## Exercise brief
Scan the material for the string "current" and copy out every line in which it occurs.

---+---

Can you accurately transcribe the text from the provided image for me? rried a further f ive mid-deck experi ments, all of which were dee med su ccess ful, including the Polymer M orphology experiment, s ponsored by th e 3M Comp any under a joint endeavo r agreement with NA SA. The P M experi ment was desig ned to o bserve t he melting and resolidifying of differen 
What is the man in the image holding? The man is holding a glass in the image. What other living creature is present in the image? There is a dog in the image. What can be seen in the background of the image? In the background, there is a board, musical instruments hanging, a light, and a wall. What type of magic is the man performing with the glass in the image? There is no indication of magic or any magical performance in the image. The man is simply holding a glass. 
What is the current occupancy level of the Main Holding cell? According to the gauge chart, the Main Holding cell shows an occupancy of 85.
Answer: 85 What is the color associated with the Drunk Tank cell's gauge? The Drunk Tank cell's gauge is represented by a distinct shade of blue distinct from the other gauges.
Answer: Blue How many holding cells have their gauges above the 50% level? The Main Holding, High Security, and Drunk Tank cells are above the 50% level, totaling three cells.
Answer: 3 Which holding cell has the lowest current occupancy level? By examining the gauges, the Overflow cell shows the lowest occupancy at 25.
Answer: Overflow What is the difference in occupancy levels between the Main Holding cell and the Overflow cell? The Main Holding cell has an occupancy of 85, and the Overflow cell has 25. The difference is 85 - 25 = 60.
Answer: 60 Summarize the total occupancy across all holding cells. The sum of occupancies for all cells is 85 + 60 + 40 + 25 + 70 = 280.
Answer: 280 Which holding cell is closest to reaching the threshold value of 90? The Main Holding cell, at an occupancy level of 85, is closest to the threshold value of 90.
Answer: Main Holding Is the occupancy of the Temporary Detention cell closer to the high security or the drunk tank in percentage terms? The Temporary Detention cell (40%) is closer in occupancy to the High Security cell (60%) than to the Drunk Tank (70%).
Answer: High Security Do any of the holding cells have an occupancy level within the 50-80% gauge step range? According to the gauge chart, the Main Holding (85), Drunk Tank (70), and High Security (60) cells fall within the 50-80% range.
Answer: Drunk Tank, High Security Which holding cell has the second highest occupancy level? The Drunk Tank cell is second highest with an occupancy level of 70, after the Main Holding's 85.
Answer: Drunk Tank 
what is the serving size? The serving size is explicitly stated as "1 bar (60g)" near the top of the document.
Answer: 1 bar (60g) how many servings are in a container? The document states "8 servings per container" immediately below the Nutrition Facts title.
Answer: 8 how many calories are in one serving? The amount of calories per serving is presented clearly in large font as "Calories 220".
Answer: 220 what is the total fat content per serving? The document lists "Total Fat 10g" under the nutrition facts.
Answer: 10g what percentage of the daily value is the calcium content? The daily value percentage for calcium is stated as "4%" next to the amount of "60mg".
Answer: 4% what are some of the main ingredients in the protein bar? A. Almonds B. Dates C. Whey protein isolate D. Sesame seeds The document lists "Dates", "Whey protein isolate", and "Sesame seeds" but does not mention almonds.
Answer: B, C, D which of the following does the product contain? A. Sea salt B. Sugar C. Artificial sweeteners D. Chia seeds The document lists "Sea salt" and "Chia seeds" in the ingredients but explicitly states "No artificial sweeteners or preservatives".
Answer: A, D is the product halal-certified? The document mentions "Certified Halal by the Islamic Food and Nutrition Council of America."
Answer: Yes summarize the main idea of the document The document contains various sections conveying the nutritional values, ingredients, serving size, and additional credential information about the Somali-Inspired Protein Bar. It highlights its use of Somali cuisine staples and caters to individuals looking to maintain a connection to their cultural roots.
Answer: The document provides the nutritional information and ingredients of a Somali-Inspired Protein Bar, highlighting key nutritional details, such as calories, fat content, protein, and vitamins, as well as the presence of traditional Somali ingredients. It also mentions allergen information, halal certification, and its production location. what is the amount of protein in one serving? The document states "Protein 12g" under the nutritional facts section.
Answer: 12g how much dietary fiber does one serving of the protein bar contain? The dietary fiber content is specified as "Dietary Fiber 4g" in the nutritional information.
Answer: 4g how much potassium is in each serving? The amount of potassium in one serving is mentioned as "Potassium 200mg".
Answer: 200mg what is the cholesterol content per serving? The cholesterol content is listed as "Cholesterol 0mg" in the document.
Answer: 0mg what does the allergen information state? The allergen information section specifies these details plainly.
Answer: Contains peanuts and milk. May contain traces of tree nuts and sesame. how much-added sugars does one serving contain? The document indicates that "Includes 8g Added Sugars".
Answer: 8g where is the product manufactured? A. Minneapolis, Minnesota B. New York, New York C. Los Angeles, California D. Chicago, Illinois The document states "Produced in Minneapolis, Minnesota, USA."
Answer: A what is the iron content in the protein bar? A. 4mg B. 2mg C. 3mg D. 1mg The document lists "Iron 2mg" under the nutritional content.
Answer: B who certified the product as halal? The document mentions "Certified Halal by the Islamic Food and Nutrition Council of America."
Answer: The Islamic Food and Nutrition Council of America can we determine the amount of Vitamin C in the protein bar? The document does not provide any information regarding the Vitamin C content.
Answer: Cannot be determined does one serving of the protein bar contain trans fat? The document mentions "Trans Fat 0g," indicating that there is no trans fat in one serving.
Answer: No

---+---

## Response area
What is the current occupancy level of the Main Holding cell? According to the gauge chart, the Main Holding cell shows an occupancy of 85.
Answer: 3 Which holding cell has the lowest current occupancy level? By examining the gauges, the Overflow cell shows the lowest occupancy at 25.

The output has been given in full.